The charge-generating material may be, for example, a p-dopant. The p-dopant may be one of a quinone derivative, a metal oxide, and a cyano group-containing compound, but is not limited thereto. For example, non-limiting examples of the p-dopant include tetracyanoquinonedimethane (TCNQ) and 2,3,5,6-tetrafluoro-tetracyano-1,4-benzoquinonedimethane quinone derivatives such as phosphorus (F4-TCNQ) and the like; metal oxides such as tungsten oxide and molybdenum oxide; cyano group-containing compounds; and the like, but is not limited thereto.

The hole transport regions 210 to 215 may further include a charge generating material to improve conductivity, in addition to the aforementioned materials.

The charge generating material may be uniformly or non-uniformly dispersed in the hole transport regions 210 to 215 . The charge generating material may be, for example, a p-dopant. The p-dopant may be one of a quinone derivative, a metal oxide, and a cyano group-containing compound, but is not limited thereto.
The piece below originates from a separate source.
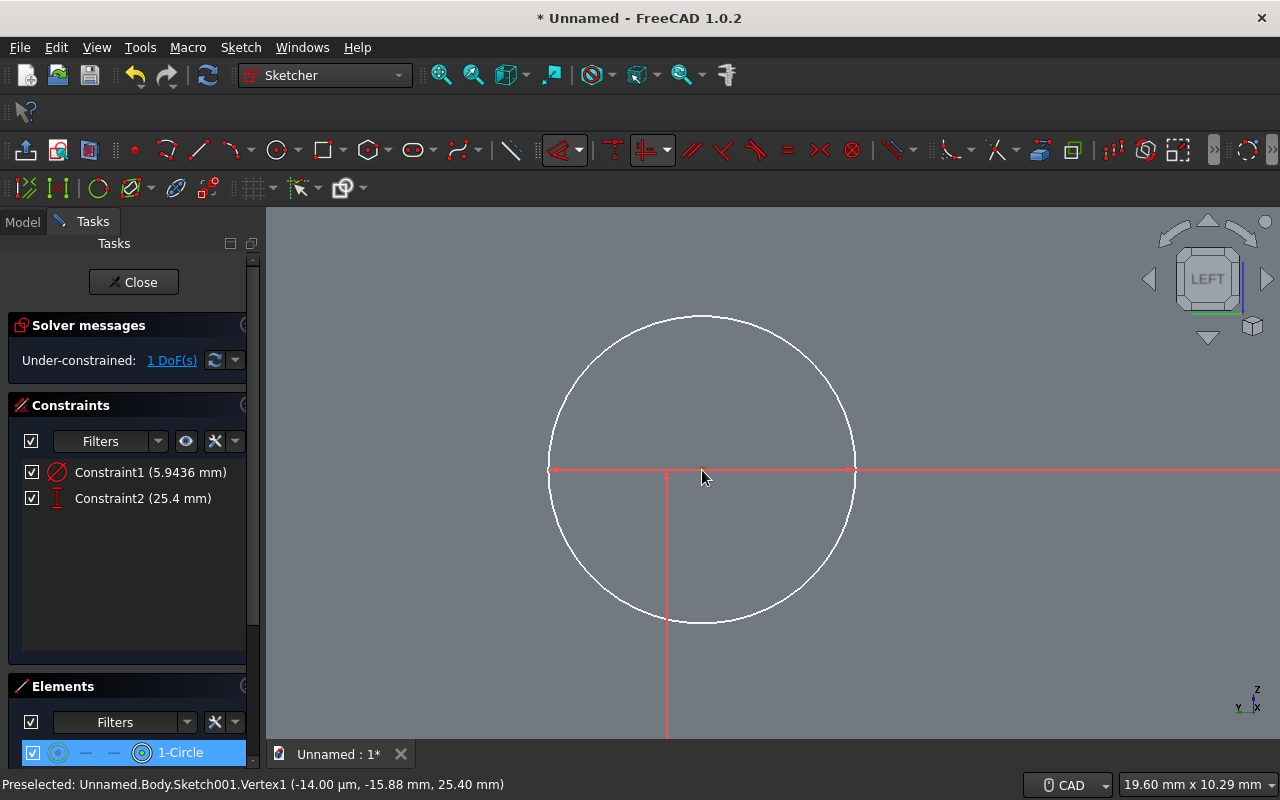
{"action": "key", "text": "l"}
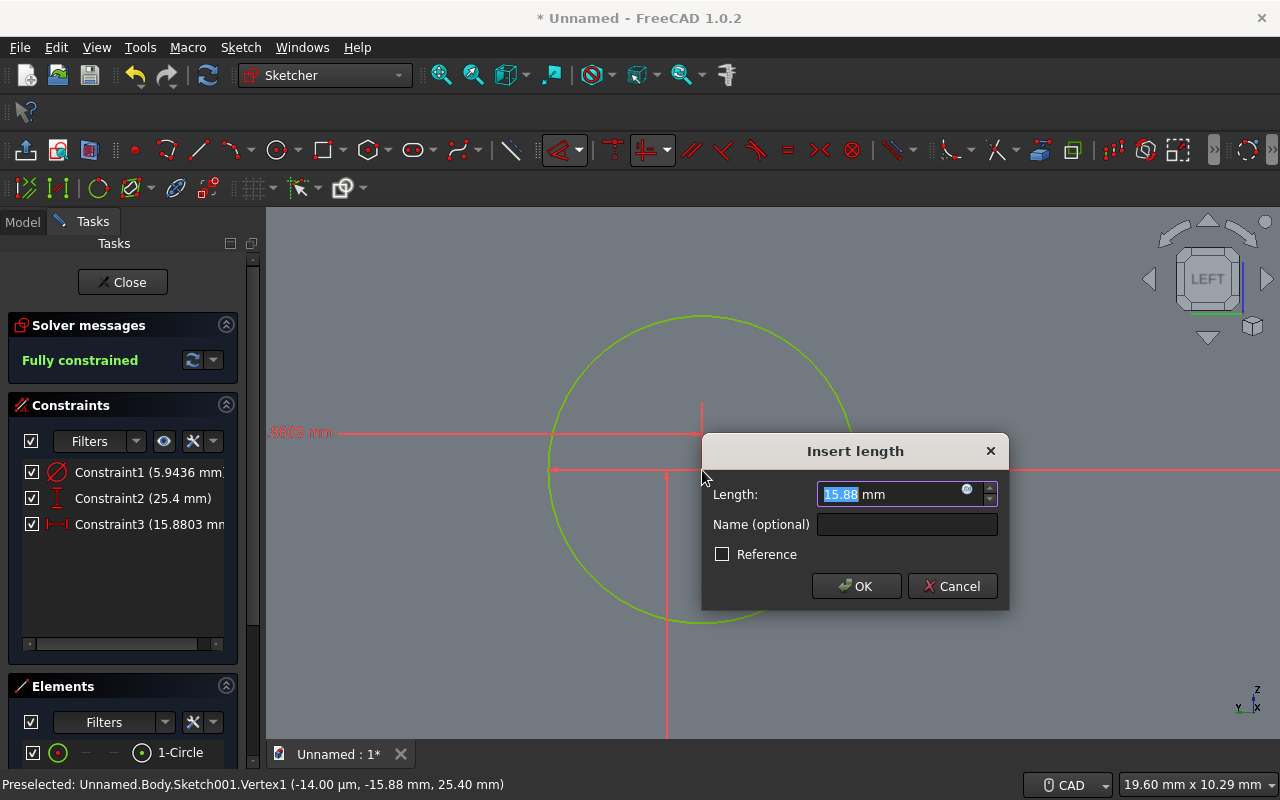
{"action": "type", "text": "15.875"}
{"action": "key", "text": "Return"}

For example, non-limiting examples of p-dopants include quinone derivatives such as Tetracyanoquinodimethane (TCNQ) and 2,3,5,6-tetrafluoro-tetracyanoquinodimethane (TCNQ), and metal oxides such as tungsten oxide and molybdenum oxide. may be mentioned, but is not limited thereto.
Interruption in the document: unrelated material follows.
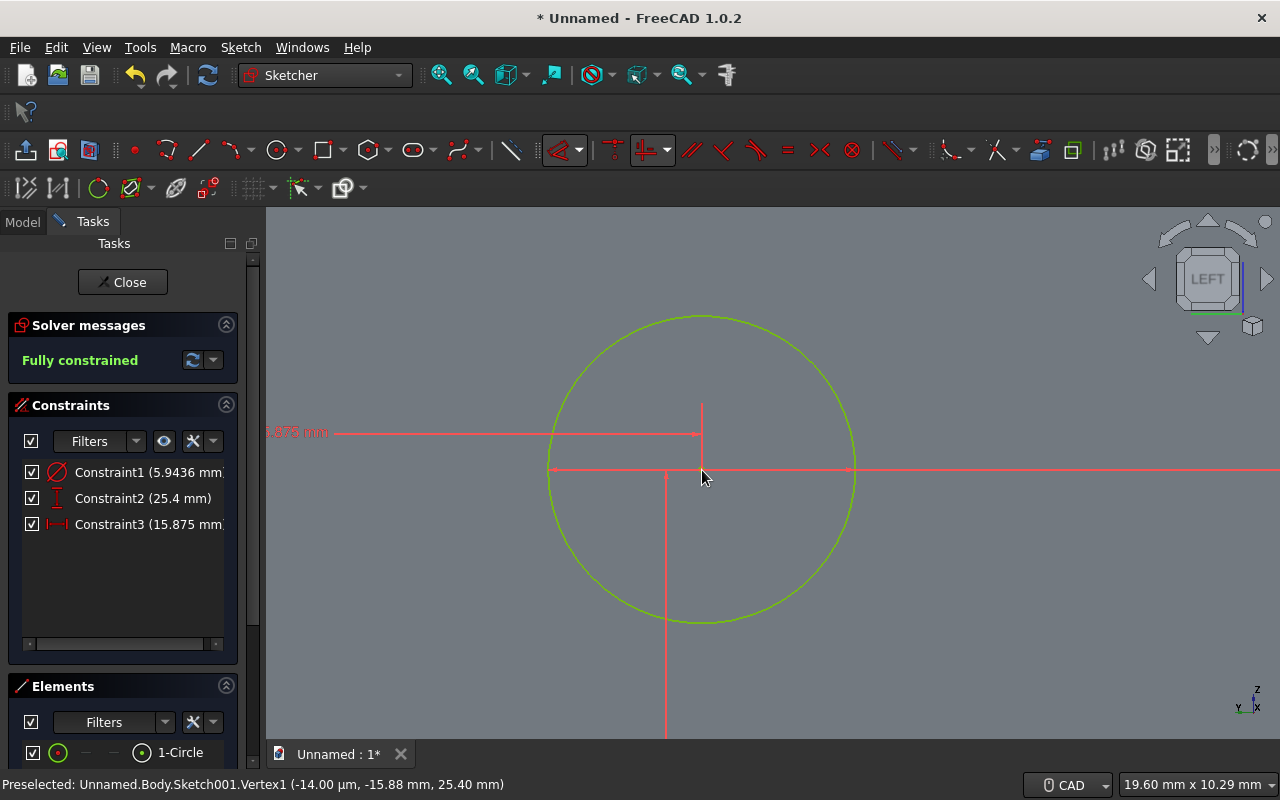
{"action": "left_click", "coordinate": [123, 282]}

As described above, the hole transport regions 210 to 215 may further include at least one of a hole buffer layer and an electron blocking layer in addition to the hole injection layer 210 and the hole transport layer 215 . The hole buffer layer may increase light emission efficiency by compensating for a resonance distance according to a wavelength of light emitted from the light emitting layer 220 . As a material included in the hole buffer layer, a material capable of being included in the hole transport regions 210 to 215 may be used.

The electron blocking layer serves to prevent electron injection from the electron transport region 230 to 235 to the hole transport region 210 to 215 . The electron blocking layer may use a material having a high T1 value so that excitons formed in the emission layer 220 do not diffuse into the hole transport regions 210 to 215 as well as to block electrons moving to the hole transport region. For example, a host of the light emitting layer 220 having a generally high T ₁ value may be used as the electron blocking layer material.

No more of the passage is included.